• **Prompt**
Scan the records and identify every line in which the string "Geometry" occurs, then return those lines.

• **Records for this exercise**
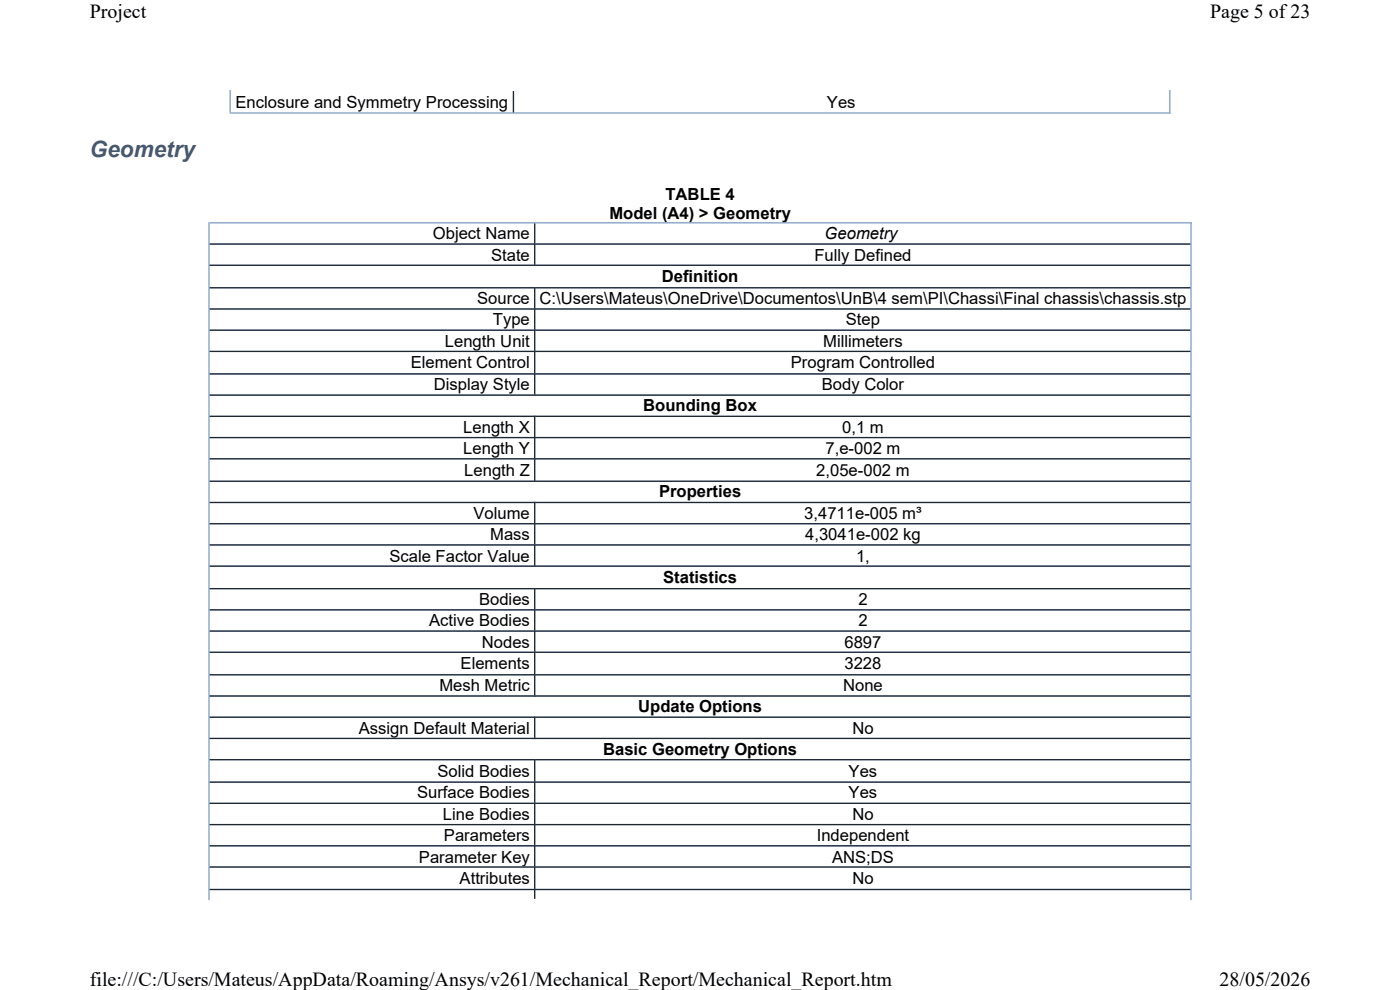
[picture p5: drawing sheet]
<svg xmlns="http://www.w3.org/2000/svg" width="297mm" height="210mm" viewBox="0 0 297 210" stroke-linecap="round" stroke-linejoin="round" font-family="sans-serif">
<defs><g id="words">
<text font-size="4.8" fill="#3b577d" x="19" y="33.3">Geometry</text>
<g font-size="4.2">
<text x="19" y="3.8">Project</text>
<text x="256.6" y="3.8">Page 5 of23</text>
<text x="19" y="208.9">file:///C:/Users/Mateus/AppData/Roaming/Ansys/v261/Mechanical_Report/Mechanical_Report.htm</text>
<text x="258.6" y="208.9">28/05/2026</text>
</g>
<g font-size="3.5">
<text x="49.9" y="22.8">Enclosure and Symmetry Processing</text>
<text x="175.3" y="22.8">Yes</text>
<text x="129.2" y="46.3">Model (A4) &gt; Geometry</text>
<text x="141.1" y="42.4">TABLE 4</text>
<text x="91.8" y="50.7">Object Name</text>
<text x="174.8" y="50.7">Geometry</text>
<text x="104.1" y="55.3">State</text>
<text x="140.3" y="59.8">Definition</text>
<text x="172.7" y="55.3">Fully Defined</text>
<text x="101.2" y="64.4">Source</text>
<text x="114.4" y="64.4">C:\Users\Mateus\OneDrive\Documentos\UnB\4 sem\PI\Chassi\Final chassis\chassis.stp</text>
<text x="104.5" y="68.9">Type</text>
<text x="179.4" y="68.9">Step</text>
<text x="94.3" y="73.5">Length Unit</text>
<text x="174.6" y="73.5">Millimeters</text>
<text x="87.1" y="78.1">Element Control</text>
<text x="92" y="82.6">Display Style</text>
<text x="167.7" y="78.1">Program Controlled</text>
<text x="174.3" y="82.6">Body Color</text>
<text x="136.4" y="87.2">Bounding Box</text>
<text x="98.2" y="91.7">Length X</text>
<text x="178.6" y="91.7">0,1 m</text>
<text x="98.2" y="96.3">Length Y</text>
<text x="98.4" y="100.8">Length Z</text>
<text x="173.1" y="100.8">2,05e-002 m</text>
<text x="175.1" y="96.3">7,e-002 m</text>
<text x="139.7" y="105.4">Properties</text>
<text x="100.4" y="109.9">Volume</text>
<text x="170.5" y="109.9">3,4711e-005 m³</text>
<text x="82.6" y="119">Scale Factor Value</text>
<text x="103.9" y="114.5">Mass</text>
<text x="170.7" y="114.5">4,3041e-002 kg</text>
<text x="181.5" y="119">1,</text>
<text x="140.6" y="123.6">Statistics</text>
<text x="101.6" y="128.2">Bodies</text>
<text x="182" y="128.2">2</text>
<text x="91" y="132.7">Active Bodies</text>
<text x="102.2" y="137.3">Nodes</text>
<text x="179.1" y="137.3">6897</text>
<text x="182" y="132.7">2</text>
<text x="97.7" y="141.8">Elements</text>
<text x="179.1" y="141.8">3228</text>
<text x="93.2" y="146.4">Mesh Metric</text>
<text x="178.8" y="146.4">None</text>
<text x="76.1" y="155.5">Assign Default Material</text>
<text x="135.3" y="150.9">Update Options</text>
<text x="180.7" y="155.5">No</text>
<text x="127.9" y="160">Basic Geometry Options</text>
<text x="92.8" y="164.6">Solid Bodies</text>
<text x="180" y="164.6">Yes</text>
<text x="88.4" y="169.2">Surface Bodies</text>
<text x="93.9" y="173.7">Line Bodies</text>
<text x="180" y="169.2">Yes</text>
<text x="180.7" y="173.7">No</text>
<text x="94.1" y="178.3">Parameters</text>
<text x="173.2" y="178.3">Independent</text>
<text x="88.8" y="182.8">Parameter Key</text>
<text x="176.4" y="182.8">ANS;DS</text>
<text x="97.5" y="187.4">Attributes</text>
<text x="180.7" y="187.4">No</text>
</g>
</g></defs>
<g fill="none" stroke="#7a99c0" stroke-width=".26">
<path d="M48.8 19v4.8M108.9 19.3v4.5M248 19v5.1M48.7 23.9h199.5M44.3 47.1v143.7M44.4 47.2h208.3M44.4 51.7h208M44.4 56.2h208M113.4 47.4v9M252.5 47.1v143.7M44.4 61h208M44.4 65.5h208"/>
<path d="M44.4 70h208M44.4 74.5h208M44.4 79.2h208M113.4 60.9v23M44.4 83.7h208M44.4 88.2h208M44.4 92.7h208M44.4 97.2h208M113.4 88.1v14M44.4 102h208M44.4 106.5h208M44.4 111h208"/>
<path d="M44.4 115.5h208M44.4 120h208M113.4 106.4v13.7M44.4 124.8h208M44.4 129.2h208M44.4 133.7h208M44.4 138.2h208M113.4 124.6v23M44.4 143h208M44.4 147.5h208M44.4 152h208M44.4 156.5h208"/>
<path d="M113.4 151.9v4.7M44.4 161h208M44.4 165.8h208M44.4 170.3h208M44.4 174.8h208M44.4 179.3h208M113.4 160.9v29.6M44.4 183.8h208M44.4 188.5h208"/>
</g>
<g fill="none" stroke="#1e2630" stroke-width=".26">
<path d="M108.9 19.3v4.5M44.4 51.7h208M44.4 56.2h208M113.4 47.4v9M44.4 61h208M44.4 65.5h208M44.4 70h208M44.4 74.5h208M44.4 79.2h208M113.4 60.9v23M44.4 83.7h208M44.4 88.2h208"/>
<path d="M44.4 92.7h208M44.4 97.2h208M113.4 88.1v14M44.4 102h208M44.4 106.5h208M44.4 111h208M44.4 115.5h208M44.4 120h208M113.4 106.4v13.7M44.4 124.8h208M44.4 129.2h208M44.4 133.7h208"/>
<path d="M44.4 138.2h208M113.4 124.6v23M44.4 143h208M44.4 147.5h208M44.4 152h208M44.4 156.5h208M113.4 151.9v4.7M44.4 161h208M44.4 165.8h208M44.4 170.3h208M44.4 174.8h208M44.4 179.3h208"/>
<path d="M113.4 160.9v29.6M44.4 183.8h208M44.4 188.5h208"/>
</g>
<g fill="#fff">
<path d="M19 0h258.9v4.7h-258.9z" fill-rule="evenodd"/>
<path d="M19 205.1h258.9v4.7h-258.9z" fill-rule="evenodd"/>
</g>
<use href="#words"/>
</svg>

• **Task solution**
<text font-size="4.8" fill="#3b577d" x="19" y="33.3">Geometry</text>
<text x="129.2" y="46.3">Model (A4) &gt; Geometry</text>
<text x="174.8" y="50.7">Geometry</text>
<text x="127.9" y="160">Basic Geometry Options</text>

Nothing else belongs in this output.